Gut-Liver Metabolic Interactions: Implications for Diet, Pollutants, and Cancer
The gut microbiome is a powerful biochemical engine, capable of transforming dietary compounds and environmental pollutants in ways that shape human health. These microbial activities can alter the toxicity or bioavailability of compounds, contributing to cancers such as colorectal cancer in adults and leukemia in children. Environmental pollutants and diet can modify gut microbial activity, sometimes enhancing harmful effects or disrupting protective metabolism.
Our lab combines metabolomics, microbiology, and molecular toxicology to understand how gut microbes interact with the human host and influence cancer development. We use Untargeted metabolomics, in vitro bacterial cultures, Pre clinical models models, and human sample analysis to map microbial and host co-metabolism, identify key metabolites, and evaluate their impact on tumor growth and progression.
Key research approaches include:
- Metabolomic Mapping of Microbial and Host Co-metabolism: Investigating how gut bacteria and liver enzymes transform pollutants and dietary compounds.
- Metabolite Identification and Toxicity Assessment: Detecting microbial-derived metabolites using untargeted metabolomics and assessing their carcinogenic potential.
- Multi-omics Integration: Combining genomics, proteomics, and metabolomics to uncover mechanisms linking microbial metabolism to cancer.
Our ultimate goal is to uncover microbial-metabolite signatures linked to cancer, identify biomarkers for early detection, and guide strategies for cancer prevention and therapy.
Figure 1: Overview of the study design to investigate gut microbiome interactions with pollutants in carcinogenesis
Differential Microbial-Metabolite Effects Across Colorectal cancer subsites
Colorectal cancer (CRC) is highly heterogeneous, with tumors from different colon subsites (cecum, sigmoid, rectum) showing distinct microbiomes, metabolites, molecular features, and clinical behavior.
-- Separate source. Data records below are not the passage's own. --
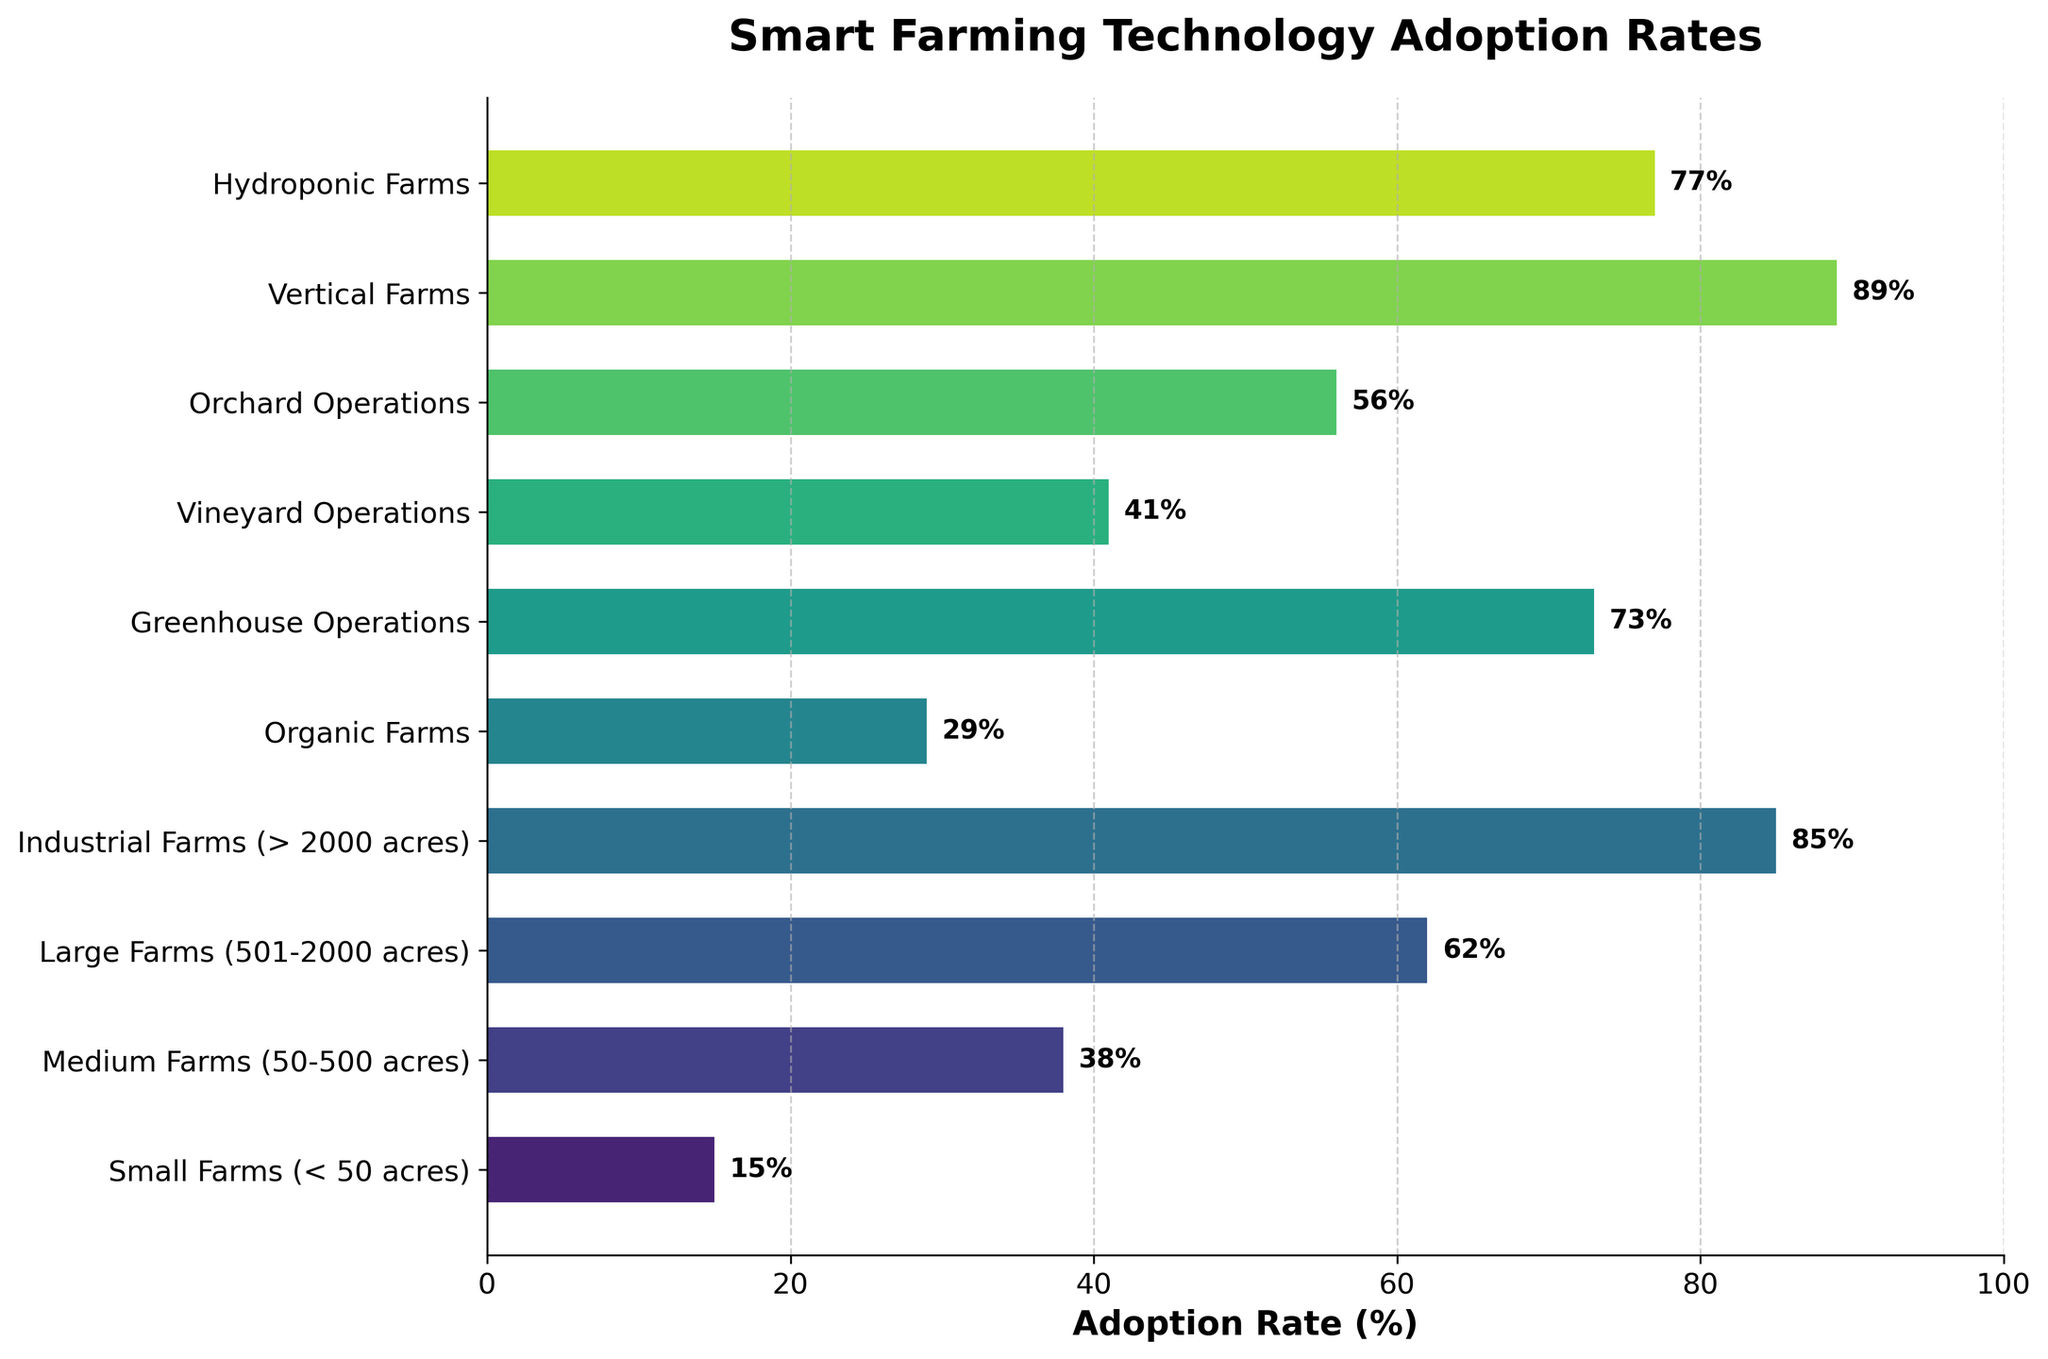Which farm type has the highest adoption rate of smart farming technologies? The figure shows bars representing adoption rates; the longest bar corresponds to the highest adoption. The Vertical Farms bar extends to 89%, the highest in the chart.
Answer: Vertical Farms Which farm type has the lowest adoption rate of smart farming technologies? The figure shows bars representing adoption rates; the shortest bar corresponds to the lowest adoption. The Small Farms bar extends to 15%, the lowest in the chart.
Answer: Small Farms What is the difference in adoption rates between Medium Farms and Greenhouse Operations? Medium Farms have an adoption rate of 38%, and Greenhouse Operations have an adoption rate of 73%. The difference is 73% - 38% = 35%.
Answer: 35% Which farm types have an adoption rate greater than 60%? The bars representing adoption rates greater than 60% are those of Large Farms (62%), Greenhouse Operations (73%), Vertical Farms (89%), and Hydroponic Farms (77%).
Answer: Large Farms, Greenhouse Operations, Vertical Farms, Hydroponic Farms Are there more farm types with adoption rates above or below 50%? Farm types with adoption rates above 50% are Large Farms, Greenhouse Operations, Vertical Farms, Hydroponic Farms, and Orchard Operations, totaling 5. Those below 50% are Small Farms, Medium Farms, Organic Farms, and Vineyard Operations, totaling 4.
Answer: Above What is the average adoption rate of smart farming technologies across all farm types? Sum the adoption rates (15 + 38 + 62 + 85 + 29 + 73 + 41 + 56 + 89 + 77) = 565. There are 10 farm types, so the average is 565 / 10 = 56.5%.
Answer: 56.5% Compare the adoption rates of Orchard Operations and Vineyard Operations. Which one is higher? By how much? Orchard Operations have an adoption rate of 56%, and Vineyard Operations have an adoption rate of 41%. The difference is 56% - 41% = 15%.
Answer: Orchard Operations, 15% What is the combined adoption rate of Industrial Farms and Hydroponic Farms? The adoption rate for Industrial Farms is 85%, and for Hydroponic Farms is 77%. The combined rate is 85% + 77% = 162%.
Answer: 162% Which farm type with an adoption rate less than 50% is closest to that threshold? The bars representing adoption rates less than 50% are Small Farms (15%), Medium Farms (38%), Organic Farms (29%), and Vineyard Operations (41%). The one closest to 50% is Vineyard Operations at 41%.
Answer: Vineyard Operations 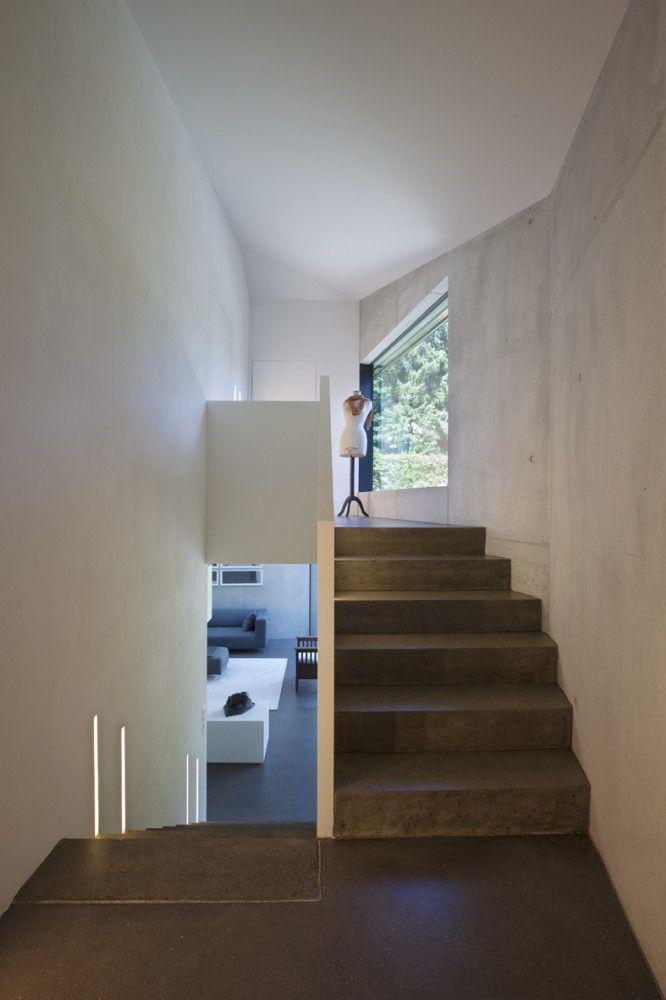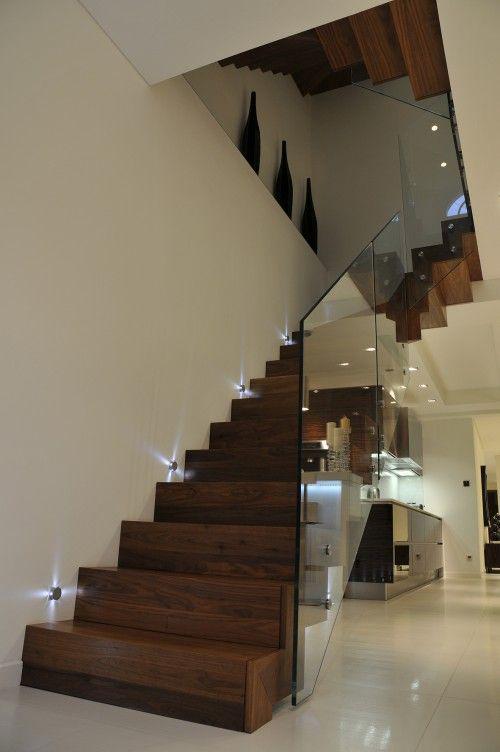The first image is the image on the left, the second image is the image on the right. Given the left and right images, does the statement "The stairway in the image on the right is bordered with glass panels." hold true? Answer yes or no. Yes. The first image is the image on the left, the second image is the image on the right. For the images shown, is this caption "An image shows an upward view of an uncurved ascending staircase with glass panels on one side." true? Answer yes or no. Yes. 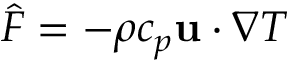<formula> <loc_0><loc_0><loc_500><loc_500>\widehat { F } = - \rho { c _ { p } } { u } \cdot \nabla T</formula> 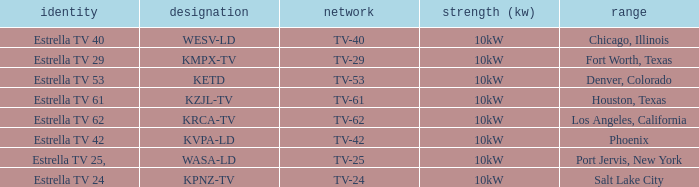List the branding for krca-tv. Estrella TV 62. 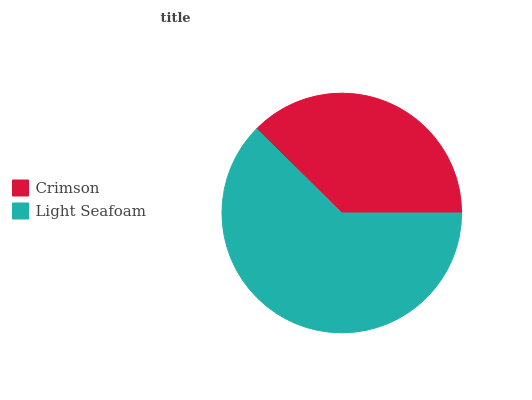Is Crimson the minimum?
Answer yes or no. Yes. Is Light Seafoam the maximum?
Answer yes or no. Yes. Is Light Seafoam the minimum?
Answer yes or no. No. Is Light Seafoam greater than Crimson?
Answer yes or no. Yes. Is Crimson less than Light Seafoam?
Answer yes or no. Yes. Is Crimson greater than Light Seafoam?
Answer yes or no. No. Is Light Seafoam less than Crimson?
Answer yes or no. No. Is Light Seafoam the high median?
Answer yes or no. Yes. Is Crimson the low median?
Answer yes or no. Yes. Is Crimson the high median?
Answer yes or no. No. Is Light Seafoam the low median?
Answer yes or no. No.

Environmental pollutants and diet influence CRC risk differently across these subsites, highlighting the role of local microenvironments.
Our lab studies how gut microbial metabolism of diet and pollutants drives these subsite-specific effects. Using untargeted metabolomics, shotgun metagenomics, CRC cell lines, organoids, and human cohorts, we identify microbial-derived metabolites and species that modulate tumor biology. Co-culture models reveal how gut bacteria interact with tumors to influence carcinogenesis.
CRC tumors also differ in metastatic behavior, with left- and right-sided tumors showing distinct liver metastasis patterns and outcomes. By integrating metabolomics and microbiome profiling, organoids, and functional assays, we aim to uncover links between diet, pollutants, microbiome, tumor subsite, and metastasis, identify predictive biomarkers, and guide personalized CRC prevention and therapy.
Metabolomics Technology & Novel Metabolite Discovery
Our lab builds advanced metabolomics platforms and computational tools to improve sensitivity, normalization, and metabolite identification. We have established large-scale metabolomics pipelines capable of processing thousands of samples with rigorous QC-based normalization and batch-effect correction. A major focus is the discovery of microbial and host-derived conjugated metabolites that traditional workflows often miss. By combining analytical chemistry, machine-learning–guided annotation, and extensive microbial metabolite libraries, we aim to rapidly identify both known and novel metabolites. These innovations will deepen understanding of gut microbiome–host interactions, pollutant and dietary transformation, and metabolic drivers of cancer.
Metabolomics for Newborn Screening & Early-Life Disease Detection
Current newborn screening (NBS) identifies infants at risk for metabolic disorders using targeted metabolite panels. While effective, these panels capture only a small fraction of the newborn metabolome and can generate false positives, offering limited insight into early disease biology.
We apply untargeted metabolomics to measure hundreds to thousands of metabolites simultaneously, providing a comprehensive view of metabolic activity at birth. This approach helps distinguish true positives from false positives, uncover novel disease-associated pathways, and enhance the accuracy and biological relevance of NBS.
By integrating untargeted metabolomics with existing markers, we aim to identify new biomarkers, refine risk prediction, and map early-life metabolic pathways, paving the way for a more informative, accurate, and biologically grounded newborn screening framework.